Market close: Sharemarket falls as all eyes await unemployment figures

The prospect of rising interest rates and a reduction in economic stimulus cast a shadow over the New Zealand sharemarket which fell nearly a half per cent.

The S&P/NZX 50 Index shed 52.75 points or 0.4 per cent to 13,044.50 after reaching an intraday high of 13,181.64. Trading was moderate, with 37.7 million shares worth $153.64 million changing hands. There were 84 gainers and 66 decliners over the whole market.

All eyes will be on the release of the latest unemployment figures. Greg Smith, head of research for Fat Prophets, said the unemployment rate for the fourth quarter ending December is predicted to be better than expected.

The market consensus is for the rate to rise from 5.3 per cent to 5.6 per cent – and not the double digit number forecast earlier last year when Covid-19 struck home.

Smith said “if the numbers look good, then that could signal the peak of the easing cycle by the Reserve Bank – and the easing party may even be over. Zero interest rates would be off the table and the rates can only go up from there.
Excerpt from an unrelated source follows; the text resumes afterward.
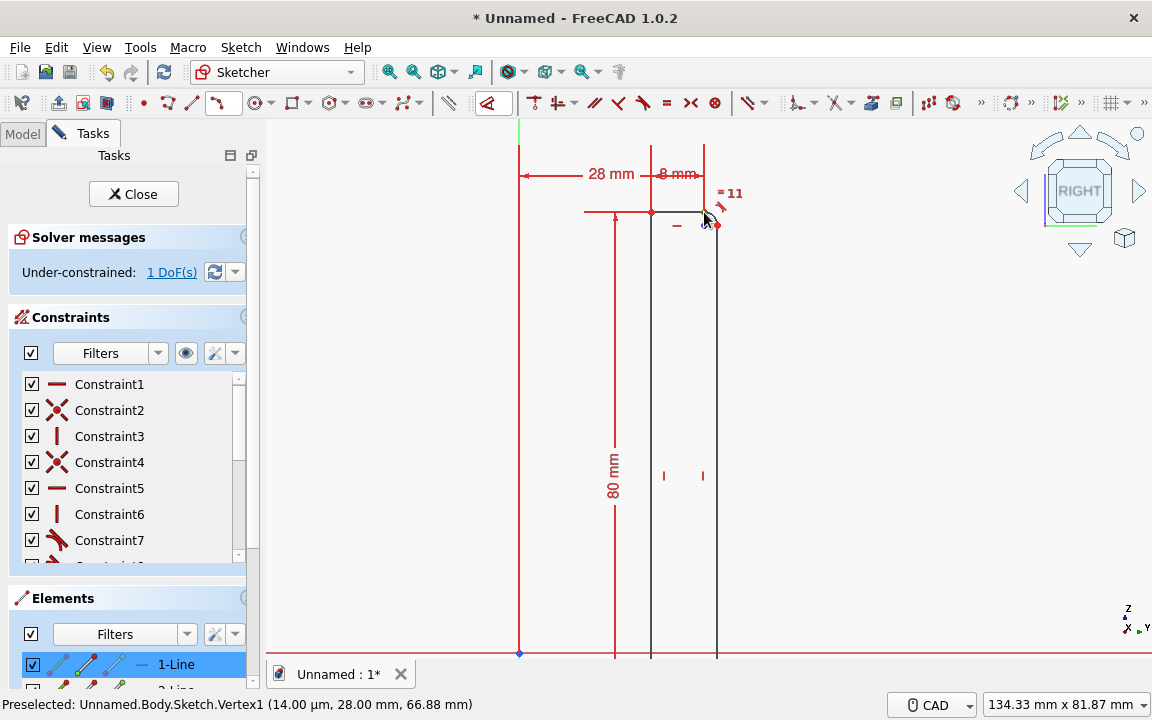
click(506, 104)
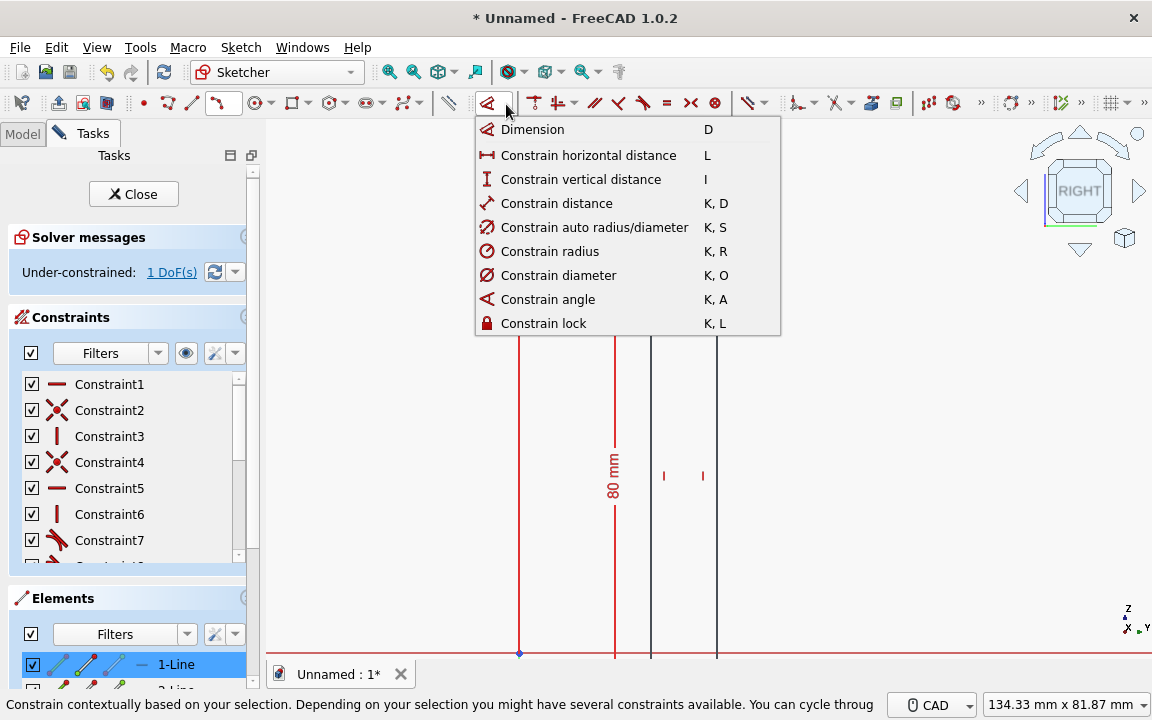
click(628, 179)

“The market is waiting with bated breath to see the unemployment figures. There’s a bit of nervousness in a weird way. A better-than-expected unemployment rate is something we should be championing, I suppose,” he said.
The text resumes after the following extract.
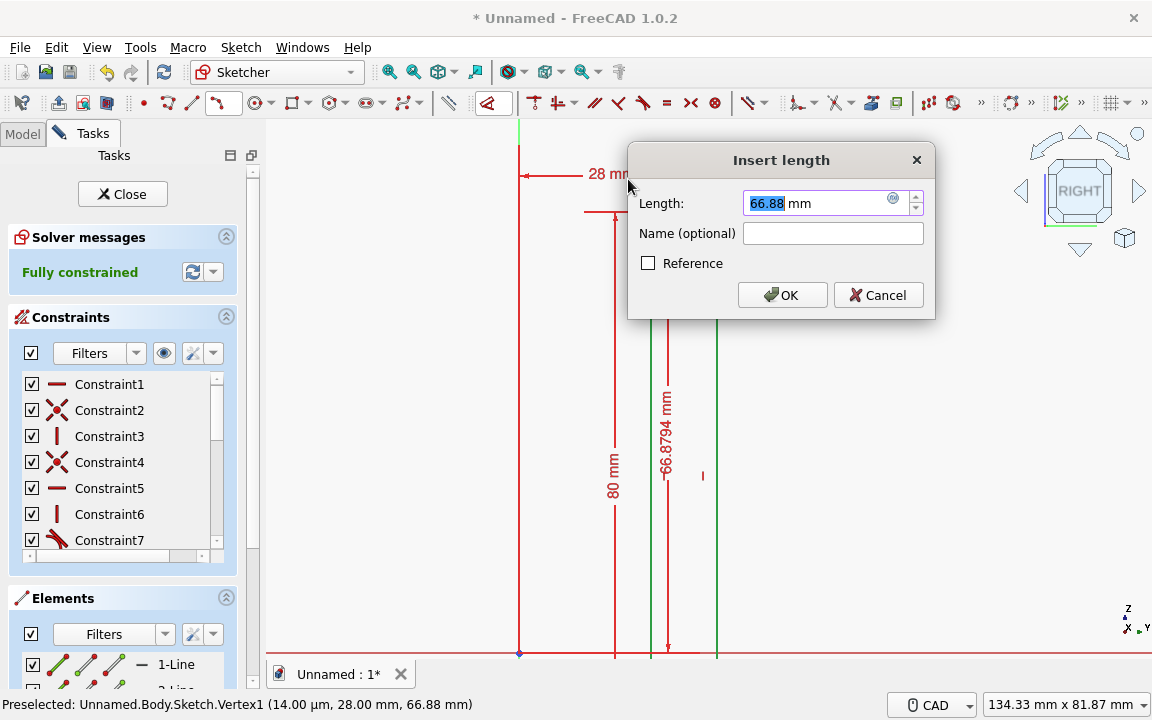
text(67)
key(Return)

Three of the market darlings over the past year drove the index down. Fisher and Paykel Healthcare fell 37c to $33.14 on trade worth $33.14m; a2 Milk slipped 38c or 3.31 per cent to $11.10; and Mainfreight lost $1.19 or 1.77 per cent to $66.16.

Interestingly, Mercury overtook Meridian as the more expensive stock. Mercury wasn’t the subject of the strong overseas exchange traded funds buying like Meridian and Contact, and it has remained consistent, rising 4.5c to $7.14.

Meridian was down 8c to $7.10, after falling from its peak of $9.40 on January 7. Mercury’s high on January 8 was $7.385.

Contact Energy was down 4c to $8.41, while Trustpower – looking to sell its retail operation – gained 8c to $8.78, and Tilt Renewables increased 3c to $6.33.

Other movers were Ebos Group, up 20c to $28.70; Spark picking up 6.5c to $4.85; Fletcher Building increasing 8c to $6.30; Summerset Group Holdings gaining 6c to $12.06; Briscoe Group climbing 18c or 3.43 per cent to $5.43; and Restaurant Brands up 30c or 2.56 per cent to $12.

Port of Tauranga chief executive Mark Cairns, who retires from his role in June, is joining the Freightways board on April 1. Cairns is also a director of Meridian and Northport, which is 50 per cent owned by Port of Tauranga. Freightways’ share price fell late in the day by 5c to $10.80. Port of Tauranga was also down 16c or 2.1 per cent to $7.39.

Seafood company Sanford has pleaded guilty in court to three charges of bottom trawling in a benthic protected area, involving the San Waitaki fishing vessel, and its share price fell 12c or 2.48 per cent to $4.71.

Wellington-based Volpara Health Technologies, which is listed only on the Australian ASX exchange, has bought American firm CRA Health for US$18m ($25m), with a further US$4m payable on future performance.

CRA is a leader in breast cancer risk assessment and Volpara, which will have annual recurring revenue of $26.9m, will have coverage of more than 30 per cent of US women getting screened. Volpara’s share price rose 5.4c 3.7 per cent to A$1.54 ($1.63) at 5.30pm (NZ time).

The renewed interest in the sharemarket, fuelled by low interest rates, is shown by the latest statistics released by the NZX exchange. The total value traded last year increased 41.8 per cent to $53.673 billion, the daily average value traded rose 41.3 per cent to $213m, and the on-market value traded climbed 62 per cent to $33.274b.

The average on-market trade size fell 37.4 per cent to $2793, showing the increasing influence of the online trading platforms such as Sharesies.